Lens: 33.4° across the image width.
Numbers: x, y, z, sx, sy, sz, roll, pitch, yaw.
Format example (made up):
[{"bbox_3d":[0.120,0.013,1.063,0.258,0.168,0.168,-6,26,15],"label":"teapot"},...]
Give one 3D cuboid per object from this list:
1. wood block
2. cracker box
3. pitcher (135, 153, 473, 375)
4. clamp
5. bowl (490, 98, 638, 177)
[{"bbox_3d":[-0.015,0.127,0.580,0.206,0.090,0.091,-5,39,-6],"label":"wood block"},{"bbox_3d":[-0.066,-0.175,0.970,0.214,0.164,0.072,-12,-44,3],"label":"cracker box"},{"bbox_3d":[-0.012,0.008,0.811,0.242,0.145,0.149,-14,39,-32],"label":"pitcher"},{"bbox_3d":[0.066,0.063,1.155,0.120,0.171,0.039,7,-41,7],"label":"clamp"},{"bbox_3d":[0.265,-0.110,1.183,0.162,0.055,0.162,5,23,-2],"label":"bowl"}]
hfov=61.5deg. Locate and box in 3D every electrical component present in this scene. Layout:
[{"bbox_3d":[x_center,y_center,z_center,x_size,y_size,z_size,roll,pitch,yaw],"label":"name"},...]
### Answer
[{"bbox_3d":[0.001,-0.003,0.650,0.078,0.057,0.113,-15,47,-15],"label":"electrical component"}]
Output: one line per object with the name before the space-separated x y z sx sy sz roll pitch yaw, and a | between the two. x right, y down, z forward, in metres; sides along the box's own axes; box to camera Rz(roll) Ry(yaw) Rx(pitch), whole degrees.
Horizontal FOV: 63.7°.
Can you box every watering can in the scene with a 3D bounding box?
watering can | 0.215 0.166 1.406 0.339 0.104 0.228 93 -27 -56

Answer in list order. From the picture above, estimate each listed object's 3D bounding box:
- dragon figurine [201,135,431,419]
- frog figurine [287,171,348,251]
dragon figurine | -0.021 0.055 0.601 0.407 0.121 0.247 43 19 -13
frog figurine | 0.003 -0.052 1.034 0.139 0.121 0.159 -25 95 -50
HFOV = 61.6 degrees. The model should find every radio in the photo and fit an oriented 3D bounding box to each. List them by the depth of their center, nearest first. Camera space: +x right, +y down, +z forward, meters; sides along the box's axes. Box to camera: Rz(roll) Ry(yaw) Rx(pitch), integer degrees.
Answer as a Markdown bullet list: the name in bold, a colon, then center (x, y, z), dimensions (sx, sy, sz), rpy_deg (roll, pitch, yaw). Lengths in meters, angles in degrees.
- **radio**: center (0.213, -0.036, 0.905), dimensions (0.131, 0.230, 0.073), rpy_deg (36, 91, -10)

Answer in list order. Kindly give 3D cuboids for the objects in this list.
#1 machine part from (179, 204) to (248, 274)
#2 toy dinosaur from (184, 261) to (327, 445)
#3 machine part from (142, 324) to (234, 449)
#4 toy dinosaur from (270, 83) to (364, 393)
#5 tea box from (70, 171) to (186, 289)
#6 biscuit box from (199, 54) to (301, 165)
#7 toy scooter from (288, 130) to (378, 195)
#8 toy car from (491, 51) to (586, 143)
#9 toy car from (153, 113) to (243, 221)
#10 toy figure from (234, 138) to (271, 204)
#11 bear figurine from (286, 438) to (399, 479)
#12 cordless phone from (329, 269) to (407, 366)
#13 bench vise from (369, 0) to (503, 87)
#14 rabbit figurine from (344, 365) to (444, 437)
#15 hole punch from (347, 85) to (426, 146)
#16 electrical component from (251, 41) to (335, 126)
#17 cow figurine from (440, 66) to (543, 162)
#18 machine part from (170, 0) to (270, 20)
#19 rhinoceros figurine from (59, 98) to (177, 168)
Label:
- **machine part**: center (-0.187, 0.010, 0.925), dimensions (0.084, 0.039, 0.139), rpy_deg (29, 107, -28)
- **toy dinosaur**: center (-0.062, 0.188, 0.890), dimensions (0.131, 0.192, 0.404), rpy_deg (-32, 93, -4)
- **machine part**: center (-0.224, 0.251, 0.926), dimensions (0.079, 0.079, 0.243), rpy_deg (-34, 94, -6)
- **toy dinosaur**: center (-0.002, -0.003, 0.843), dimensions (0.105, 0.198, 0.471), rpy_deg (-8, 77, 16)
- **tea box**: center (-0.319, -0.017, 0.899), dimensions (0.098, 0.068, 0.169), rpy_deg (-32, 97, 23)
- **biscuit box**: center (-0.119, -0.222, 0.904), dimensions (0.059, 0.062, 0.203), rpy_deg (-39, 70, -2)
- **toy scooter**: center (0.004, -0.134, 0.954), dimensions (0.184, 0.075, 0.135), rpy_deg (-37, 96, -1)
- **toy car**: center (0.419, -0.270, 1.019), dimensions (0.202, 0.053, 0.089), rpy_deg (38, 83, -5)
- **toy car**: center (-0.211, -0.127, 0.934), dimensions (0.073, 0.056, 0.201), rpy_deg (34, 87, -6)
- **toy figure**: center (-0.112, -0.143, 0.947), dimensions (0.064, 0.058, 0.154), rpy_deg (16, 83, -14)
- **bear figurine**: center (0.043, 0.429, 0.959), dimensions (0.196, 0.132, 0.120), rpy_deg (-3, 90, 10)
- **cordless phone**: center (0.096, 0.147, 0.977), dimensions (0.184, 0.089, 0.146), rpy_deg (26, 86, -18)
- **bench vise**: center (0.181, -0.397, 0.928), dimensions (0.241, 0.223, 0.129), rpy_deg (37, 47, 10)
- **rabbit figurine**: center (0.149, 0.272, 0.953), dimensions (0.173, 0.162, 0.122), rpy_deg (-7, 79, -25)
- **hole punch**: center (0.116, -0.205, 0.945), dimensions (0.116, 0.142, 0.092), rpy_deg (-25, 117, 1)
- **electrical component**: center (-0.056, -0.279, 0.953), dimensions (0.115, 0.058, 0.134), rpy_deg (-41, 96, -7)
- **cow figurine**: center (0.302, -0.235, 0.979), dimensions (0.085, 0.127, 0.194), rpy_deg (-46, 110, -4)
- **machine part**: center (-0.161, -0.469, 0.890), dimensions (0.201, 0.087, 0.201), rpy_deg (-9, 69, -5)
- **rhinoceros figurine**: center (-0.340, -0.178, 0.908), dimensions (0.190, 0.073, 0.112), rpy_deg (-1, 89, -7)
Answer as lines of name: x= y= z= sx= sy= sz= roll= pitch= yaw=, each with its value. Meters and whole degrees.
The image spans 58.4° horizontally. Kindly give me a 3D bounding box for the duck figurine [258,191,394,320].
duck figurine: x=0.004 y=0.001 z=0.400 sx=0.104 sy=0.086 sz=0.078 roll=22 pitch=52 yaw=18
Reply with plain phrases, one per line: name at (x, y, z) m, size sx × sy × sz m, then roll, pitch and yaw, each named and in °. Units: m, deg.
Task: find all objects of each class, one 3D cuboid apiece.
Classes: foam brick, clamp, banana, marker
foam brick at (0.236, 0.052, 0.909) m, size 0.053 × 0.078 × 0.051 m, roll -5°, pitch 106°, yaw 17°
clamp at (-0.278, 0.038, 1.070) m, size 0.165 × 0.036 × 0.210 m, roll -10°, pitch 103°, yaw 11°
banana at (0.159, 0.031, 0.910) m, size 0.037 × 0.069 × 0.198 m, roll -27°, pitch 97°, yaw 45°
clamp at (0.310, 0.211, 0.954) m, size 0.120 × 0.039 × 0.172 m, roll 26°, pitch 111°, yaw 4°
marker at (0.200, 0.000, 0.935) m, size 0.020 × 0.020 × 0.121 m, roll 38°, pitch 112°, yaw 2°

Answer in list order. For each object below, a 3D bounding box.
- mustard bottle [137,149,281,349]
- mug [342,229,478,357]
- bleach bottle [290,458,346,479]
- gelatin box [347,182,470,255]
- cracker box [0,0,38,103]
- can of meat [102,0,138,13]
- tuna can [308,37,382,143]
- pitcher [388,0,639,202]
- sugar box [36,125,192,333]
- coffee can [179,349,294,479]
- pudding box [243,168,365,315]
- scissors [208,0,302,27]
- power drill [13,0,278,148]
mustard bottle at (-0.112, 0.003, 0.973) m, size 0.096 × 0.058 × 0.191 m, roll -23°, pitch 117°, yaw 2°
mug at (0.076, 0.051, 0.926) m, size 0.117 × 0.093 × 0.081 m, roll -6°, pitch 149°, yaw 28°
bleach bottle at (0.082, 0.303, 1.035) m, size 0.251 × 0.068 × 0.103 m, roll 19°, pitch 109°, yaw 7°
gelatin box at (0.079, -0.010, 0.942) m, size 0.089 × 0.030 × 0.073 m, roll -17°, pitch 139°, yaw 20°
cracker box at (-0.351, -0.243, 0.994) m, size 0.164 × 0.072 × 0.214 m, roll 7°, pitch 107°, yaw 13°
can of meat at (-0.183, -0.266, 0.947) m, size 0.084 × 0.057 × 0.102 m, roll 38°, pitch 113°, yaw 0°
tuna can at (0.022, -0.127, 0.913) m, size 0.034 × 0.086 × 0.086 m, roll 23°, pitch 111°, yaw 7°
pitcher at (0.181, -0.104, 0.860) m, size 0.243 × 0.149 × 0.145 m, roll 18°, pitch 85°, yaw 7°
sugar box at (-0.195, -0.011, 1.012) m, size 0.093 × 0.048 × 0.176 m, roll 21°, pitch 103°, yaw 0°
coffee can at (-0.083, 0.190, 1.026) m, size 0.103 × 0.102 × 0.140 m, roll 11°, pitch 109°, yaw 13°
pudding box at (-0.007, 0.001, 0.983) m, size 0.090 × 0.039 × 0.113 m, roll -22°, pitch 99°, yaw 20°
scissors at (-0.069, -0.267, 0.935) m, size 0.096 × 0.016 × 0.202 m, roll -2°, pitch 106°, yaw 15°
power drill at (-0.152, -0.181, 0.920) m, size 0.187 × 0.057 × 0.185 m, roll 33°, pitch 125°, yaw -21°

*-*-*

YOUR ASSIGNMENT -
Lines in the data that include the word "this" should all be copied.

REPLY -
Give one 3D cuboid per object from this list:
hfov=61.5deg. Locate and box in 3D every electrical component present in this scene. Layout:
Answer in list order. Kindly give 3D cuboids for the objects in this list.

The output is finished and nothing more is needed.